Coarse-Grained Models for Automated Fragmentation and Parametrization of Molecular Databases by Johannes G. E. M. Fraaije*†‡, Jan van Male‡, Paul Becherer‡, and Rubèn Serral Gracià‡
November 2, 2016, Journal of Chemical Information and Modeling, Copyright © 2016 American Chemical Society
We calibrate coarse-grained interaction potentials suitable for screening large data sets in a top-down fashion. Three new algorithms are introduced: (i) automated decomposition of molecules into coarse-grained units (fragmentation); (ii) Coarse-Grained Reference Interaction Site Model—Hypernetted Chain (CG RISM-HNC) as an intermediate proxy for dissipative particle dynamics (DPD); and (iii) a simple top-down coarse-grained interaction potential/model based on activity coefficient theories from engineering (using COSMO-RS).
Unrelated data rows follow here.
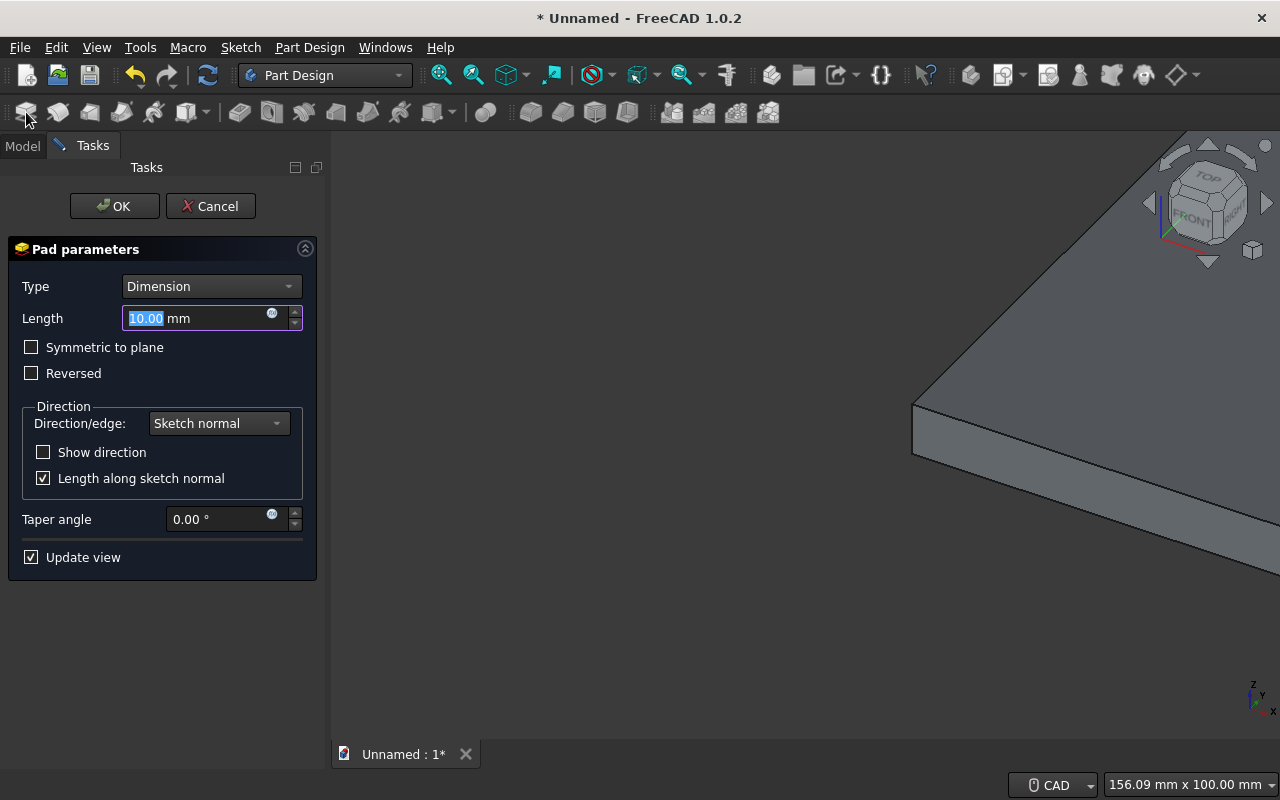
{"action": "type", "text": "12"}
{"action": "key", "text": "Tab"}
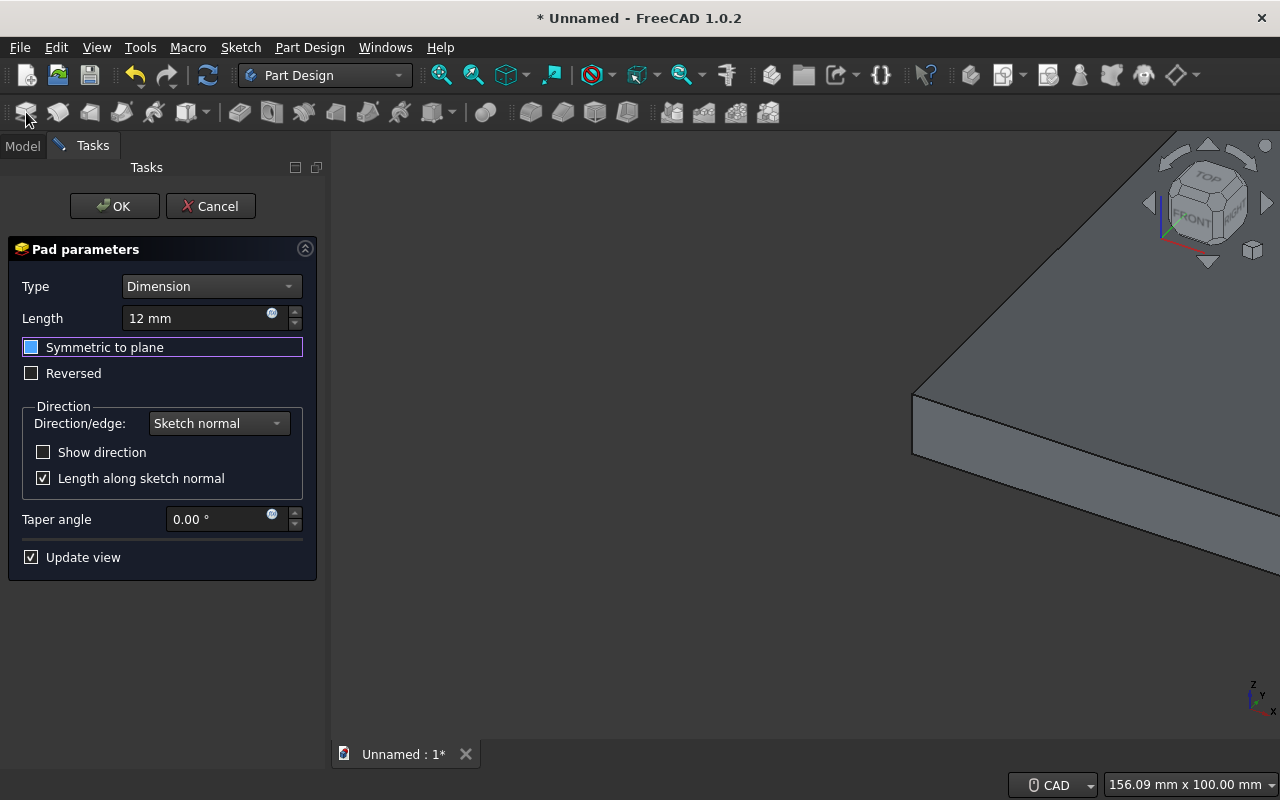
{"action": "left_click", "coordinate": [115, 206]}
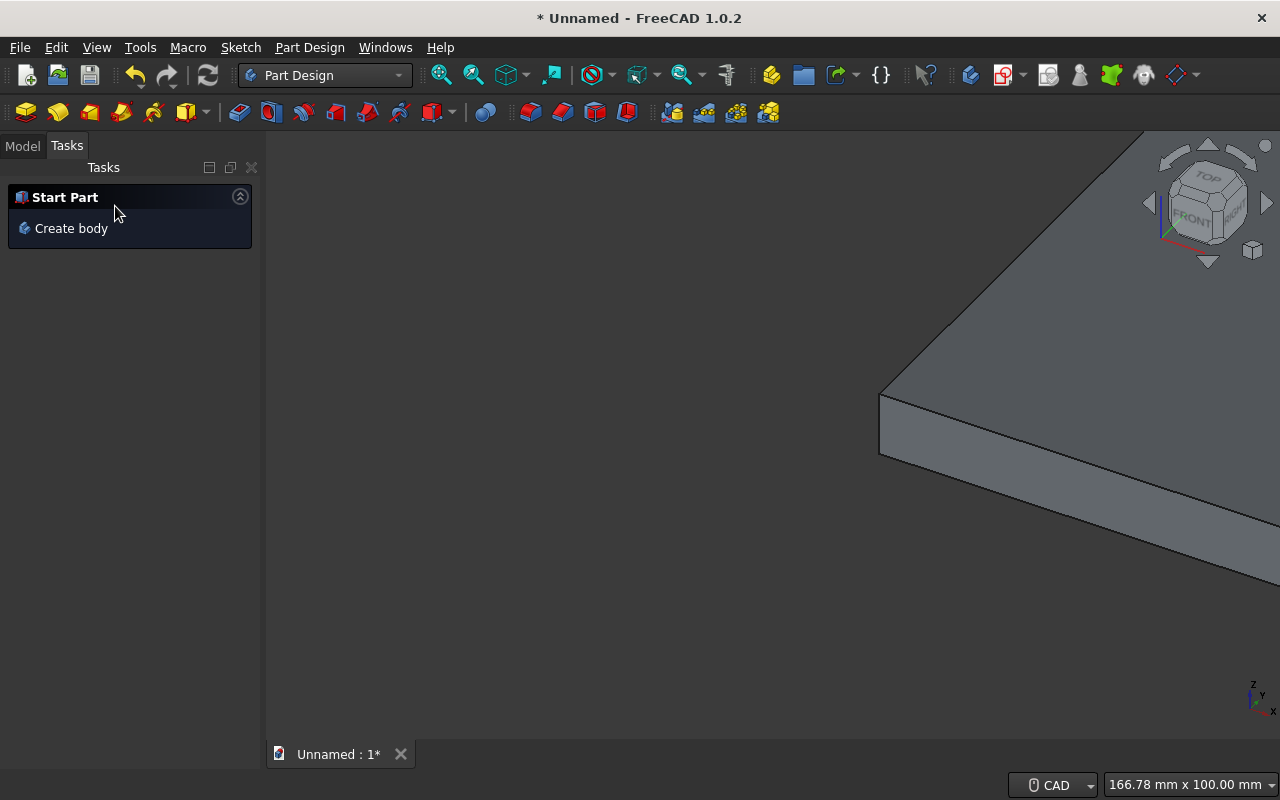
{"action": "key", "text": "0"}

We find that the fragment distribution follows Zipf and Heaps scaling laws. The accuracy in Gibbs energy of mixing calculations is a few tenths of a kilocalorie per mole. As a final proof of principle, we use full coarse-grained sampling through DPD thermodynamics integration to calculate log POW for 4627 compounds with an average error of 0.84 log unit. The computational speeds per calculation are a few seconds for CG RISM-HNC and a few minutes for DPD thermodynamic integration.